Northern Ireland Curriculum, Key Stage 2
Friday 25 July 2003
The Bash Street Kids material can be used in a number of ways to support the promotion of the 5-a-day message in primary schools. In particular, it can be used to raise the profile of health initiatives through whole-school approaches, including the formal curriculum. Examples are given below.
Science and Technology
Pupils are given opportunities to increase their awareness of the importance of both science and technology in everyday life.

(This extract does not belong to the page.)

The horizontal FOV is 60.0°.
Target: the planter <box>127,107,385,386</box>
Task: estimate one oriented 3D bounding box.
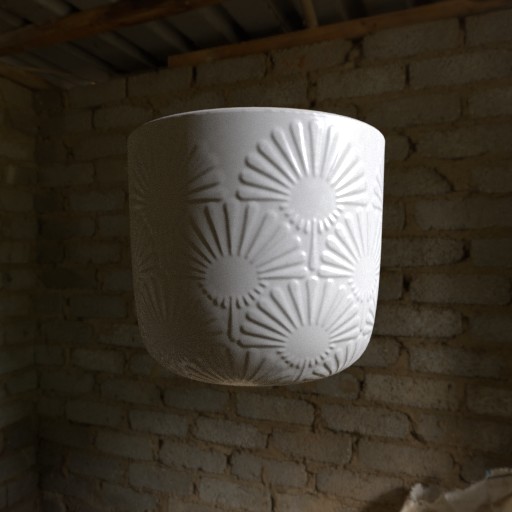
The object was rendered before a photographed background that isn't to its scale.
[{"bbox_3d":[0.000,0.000,0.222,0.124,0.109,0.124,0,0,0],"label":"planter"}]

This is achieved through Investigating and Making and Knowledge and Understanding.
The materials support Science and Technology work by:
- Encouraging pupils to taste, handle and find out about a variety of fruit and vegetables.
- Investigating food preferences and making food products to meet their needs.
- Developing a range of practical food skills.
- Investigating the changing state of materials, e.g. different heat processes on food, browning of food.
- Learning about food and nutrition issues.
- Implementing realistic and effective food hygiene and safety procedures.
- Making food products – fruit and vegetable based recipes.
- Investigating the life cycle and harvesting of different plants.
In addition, the subject supports:
- the understanding of health through the context of a healthy balanced diet, using the Balance of Good Health as a model.
- practical work with food, using examples of recipes and activities to support food choice in relation to health.
- the study of the type, role and function of energy and a range of nutrients provided by food in the diet.
Health Education
Health Education is taught as a cross-curricular theme – running throughout all subjects. For example, it supports Science and Technology by providing pupils with opportunities to develop positive attitudes to keeping healthy through physical activity, diet and personal hygiene.
These materials support Health Education work by:
- Promoting a healthier lifestyle through diet.
- Encouraging informed choice through fun and appropriate activities.
- Developing positive views towards physical activity.
- Highlighting the need for good food safety and hygiene.
In schools, activities may include:
- Keeping a personal diary of fruit and vegetable consumption, and feeding this back to the class for discussion.
- Organising fruit and vegetable quizzes or activity days.
- Participating in school or community events with a 5-a-day theme.
- Allowing pupils to make choices given to them in school about food.
- Exploring the reasons why a healthy lifestyle is important.
- Developing a whole-school food policy, looking at food choices throughout school.
Other areas of the curriculum
These materials have been developed to be flexible teaching tools, enabling you to dip in and use them to support different aspects of the school day. For example, they may also be useful in:
- Maths – for example weighing and measuring, recording data, calculating costs or reading temperatures and timings.
- English – for example writing and following recipes/instructions, producing creative works (poems).
- ICT – for example recording the number of fruit and vegetables eaten in class and displaying this data as a series of graphs using a spreadsheet, undertaking basic nutritional analysis, using the internet to aid research.
- Geography – for example finding out where different fruit and vegetables come from around the world and how they are grown in different climates.
Extra-curricular activities
- You may also wish to use these materials to support extra-curricular activities – for example a school cookery club that operates after school.
- Parents may also be interested in having some of the activity sheets, or the web address, for use at home with their children.
- The recipes, information sheets and Bash Street figures can be used to make a bright, colourful display in school. This could be in the entrance hall, helping to inform visitors that yours is a healthy school, or within a classroom, perhaps with a fruit and vegetable display.
- School catering staff may also be interested in the recipes and display materials, perhaps organising a Bash Street Kids menu for a special day or week.